G7 Consulting Group·August 27, 2026·7 min read

Vendor demos are compelling but rarely predictive. This practical framework helps CFOs cut through marketing and evaluate AI finance solutions on what actually matters.

The market for AI finance solutions has exploded. Every ERP vendor, planning platform, and analytics tool now offers AI capabilities. Marketing decks look strikingly similar. Demonstrations feel almost identical. Distinguishing genuine value from packaging has become one of the most difficult tasks a CFO faces.

A structured evaluation framework can help. Not by producing a perfect answer, but by ensuring the right questions are asked.

Start With the Business Problem

Before evaluating any solution, define the specific business problem it is meant to solve.

  • Which finance workflow is currently constrained?
  • What outcome would justify the investment?
  • How will success be measured in real business terms?

Solutions purchased without a clearly defined problem consistently disappoint, regardless of their capabilities.

Six Criteria That Actually Predict Success

Across dozens of finance AI evaluations, a small number of criteria consistently separate solutions that succeed in production from those that do not.

1. Ability to Connect to Real Financial Data

Every AI solution demos well on curated data. The real question is how quickly and reliably it can connect to production ERP, planning, and consolidation systems.

Ask for a proof of value using your own data, not the vendor's sample environment.

2. Respect for Governance and Definitions

A solution that generates answers without respecting your semantic layer, access controls, and business rules will erode executive trust quickly.

Ask how the AI grounds its answers, whether it can consume governed metrics, and how it handles conflicting or ambiguous data.

3. Transparency of Answers

AI outputs must be explainable. Every answer should include supporting calculations, source data, and business context.

Ask to see how the solution handles a question that requires nuanced interpretation, and evaluate the transparency of the response.

4. Operational Maturity

Production AI requires monitoring, audit trails, access controls, and rollback procedures. These capabilities are often invisible in demos but essential in reality.

Ask how the solution handles failures, how usage is monitored, and how changes are managed over time.

5. Fit With Your Existing Stack

A solution that requires you to abandon your ERP, planning tool, or data platform is rarely the right answer.

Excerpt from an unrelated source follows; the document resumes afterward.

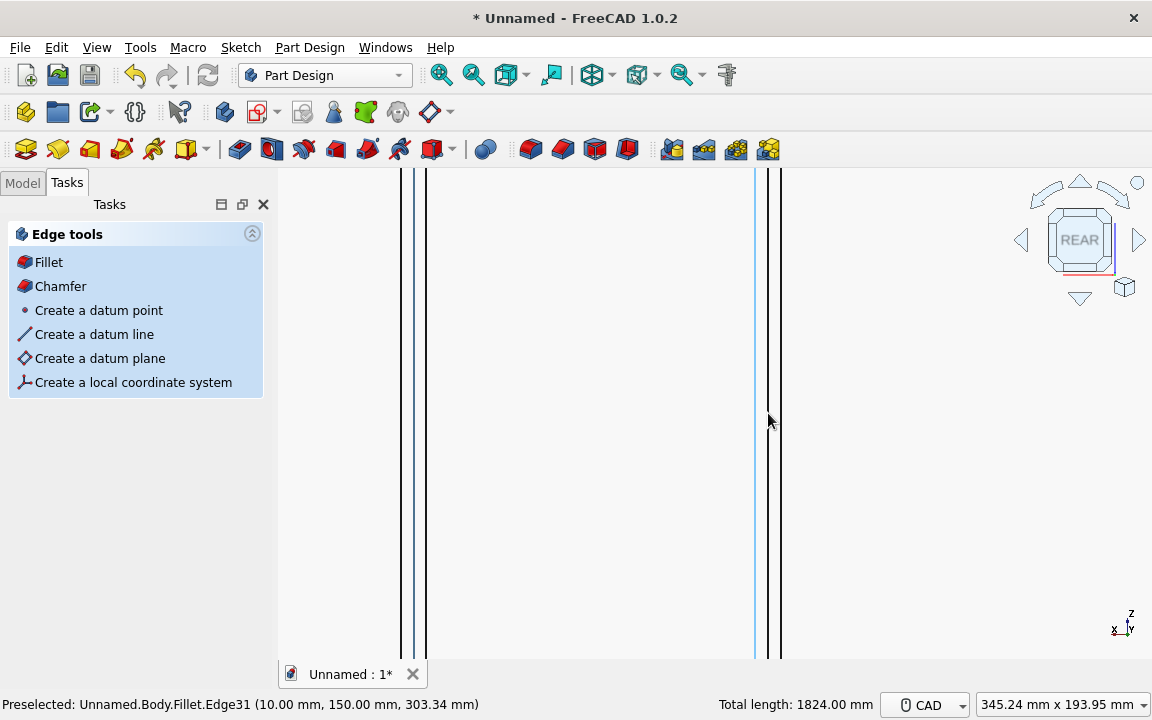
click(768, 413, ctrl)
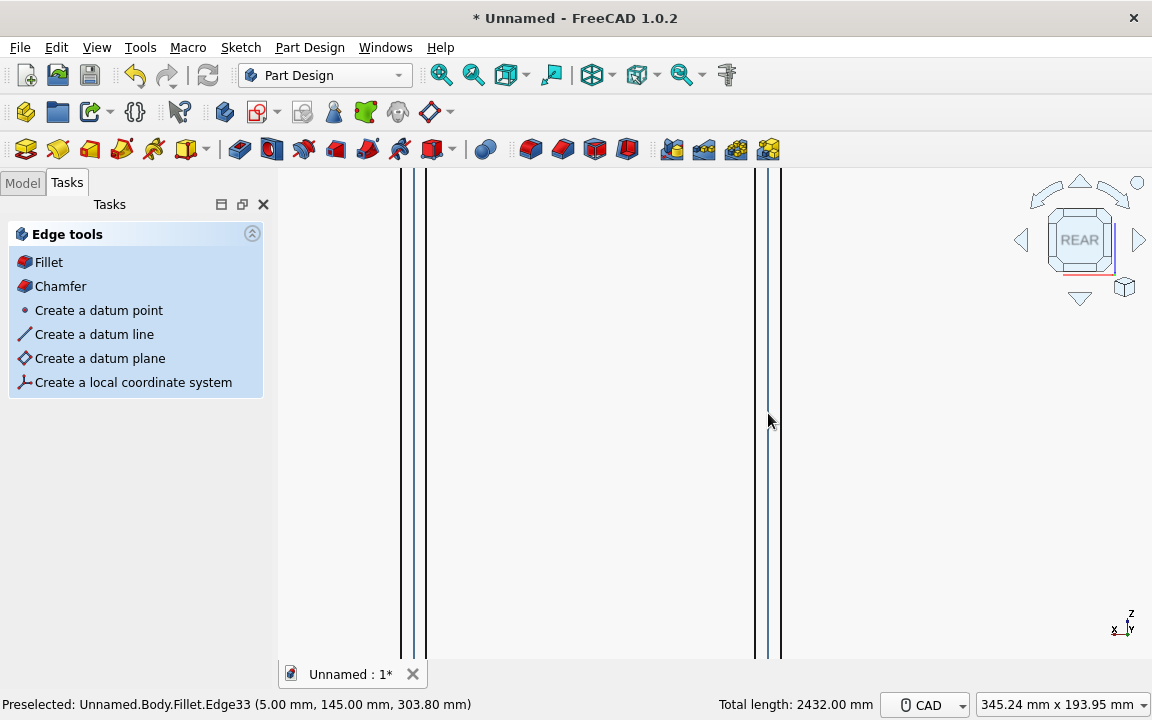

Modern AI capabilities should extend your stack, not replace it.

Ask how the solution integrates with the systems already in place, and how it accommodates future changes.

6. Total Cost of Ownership

License fees are only part of the total cost. Implementation effort, ongoing maintenance, and internal expertise all contribute meaningfully.

Ask what a realistic first-year cost looks like across all dimensions, not just the license.

Questions That Reveal More Than Demos

A short set of questions consistently produces more insight than a scripted demonstration.

  • Who owns your data once it enters the solution?
  • What happens if we discontinue the service?
  • How do you handle conflicting definitions across source systems?
  • What is the average time from purchase to first production use?
  • Can we speak with a customer who has been live for at least twelve months?

Vendor responses to these questions reveal maturity, transparency, and confidence far more than any demonstration.

Common Evaluation Mistakes

Several mistakes appear repeatedly across finance AI evaluations.

  • Selecting based on demo impressiveness rather than production capability
  • Underestimating the effort required to prepare data
  • Ignoring governance and access control until after purchase
  • Overlooking the importance of internal ownership
  • Assuming the vendor will handle organizational change

Avoiding these mistakes is often more valuable than any specific product selection.

A Simple Evaluation Approach

Rather than lengthy formal RFPs, many finance leaders now favor short structured proofs of value.

  • Two to three finalists selected quickly
  • A three to four week hands-on evaluation on real data
  • Clear success criteria defined in advance
  • A decision made by finance leadership, not by procurement

This approach delivers more useful information in less time than traditional evaluation cycles.

The Strategic View

The AI solution a finance organization selects today will shape its reporting, forecasting, and executive support for years. The evaluation deserves rigor, but not paralysis.

CFOs who ask the right questions, insist on real-data validation, and prioritize governance and integration consistently make selections they do not regret. Those who rely on demos and marketing rarely do.

In the AI era, evaluation discipline is a competitive advantage in its own right.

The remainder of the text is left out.